■ About this task: Scan the material below for lines with the word "degrees" and report how many there are, with nothing added.

■ Input material:
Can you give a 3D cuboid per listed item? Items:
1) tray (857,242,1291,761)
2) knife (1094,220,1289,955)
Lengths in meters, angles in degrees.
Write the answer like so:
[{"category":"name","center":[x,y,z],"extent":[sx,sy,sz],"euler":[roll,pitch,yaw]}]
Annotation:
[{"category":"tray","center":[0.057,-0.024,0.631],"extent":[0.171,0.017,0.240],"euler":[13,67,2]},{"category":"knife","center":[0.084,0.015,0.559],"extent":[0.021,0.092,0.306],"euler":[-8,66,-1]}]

==

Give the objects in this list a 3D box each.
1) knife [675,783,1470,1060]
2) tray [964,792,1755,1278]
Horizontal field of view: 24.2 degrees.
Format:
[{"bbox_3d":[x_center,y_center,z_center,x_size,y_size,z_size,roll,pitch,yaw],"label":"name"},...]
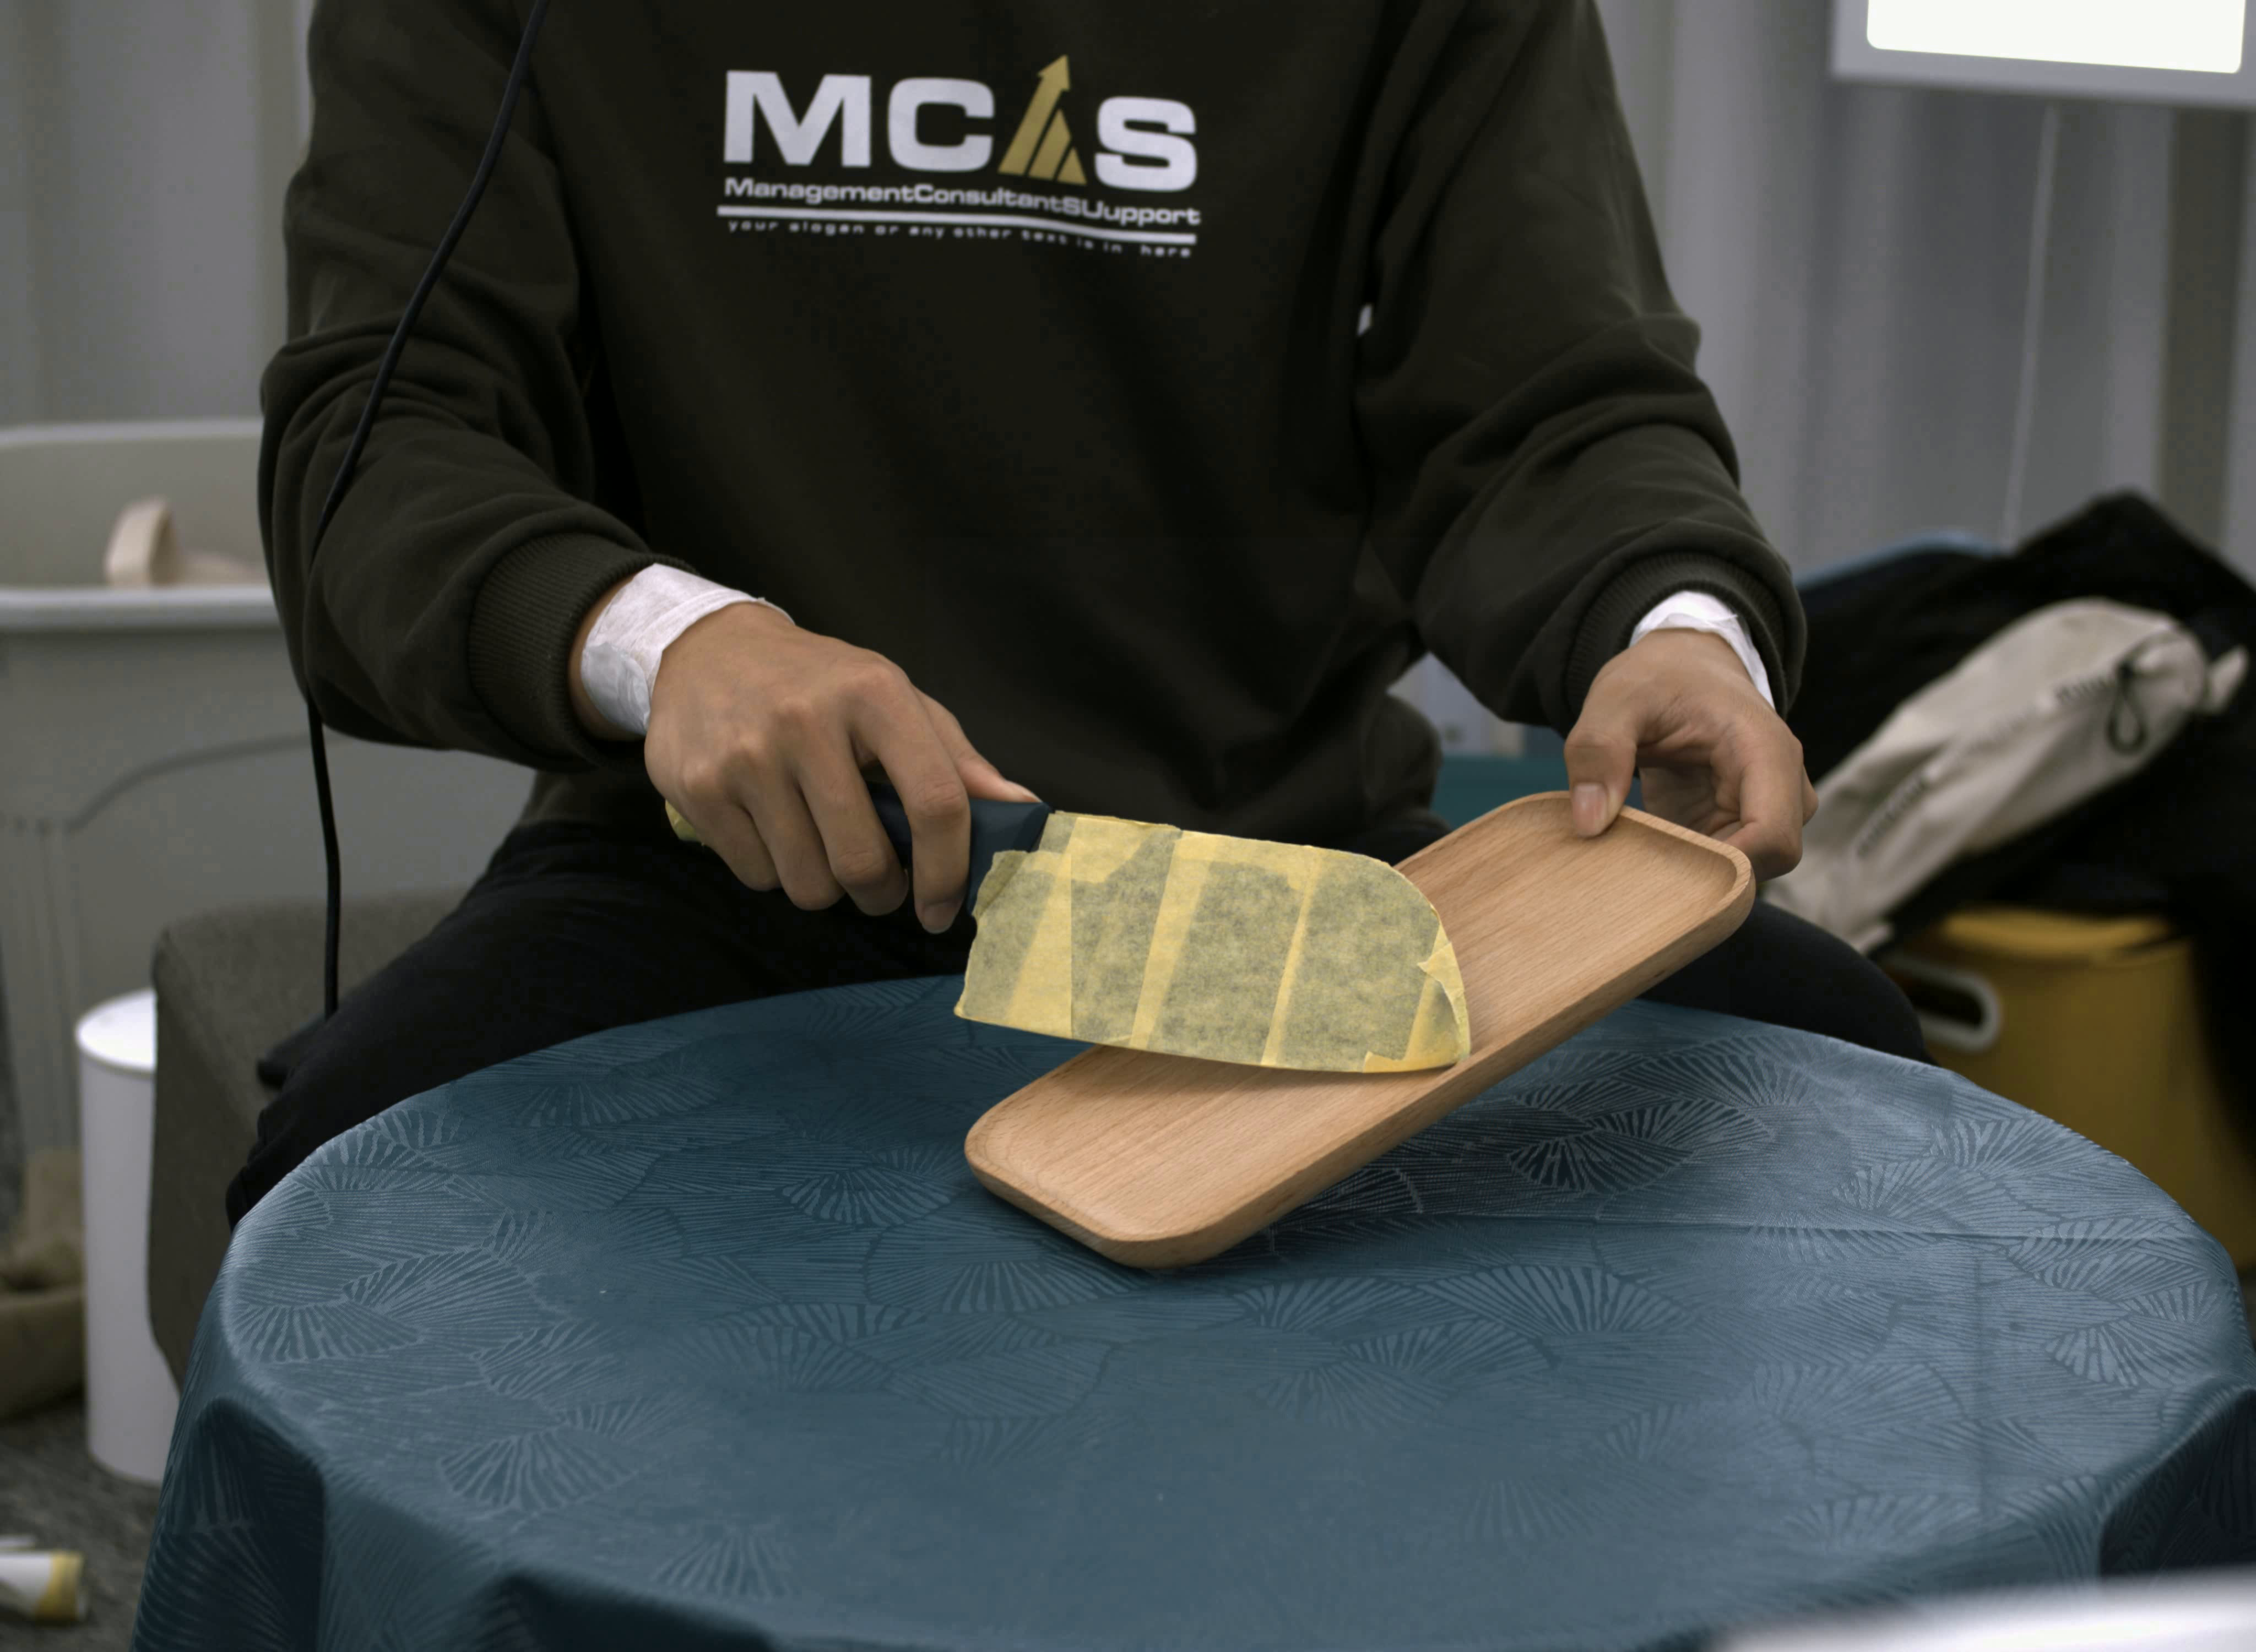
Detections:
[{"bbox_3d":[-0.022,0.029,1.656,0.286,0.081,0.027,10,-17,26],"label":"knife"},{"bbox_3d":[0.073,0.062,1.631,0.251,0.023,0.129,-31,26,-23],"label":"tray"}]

■ Result of this exercise: 2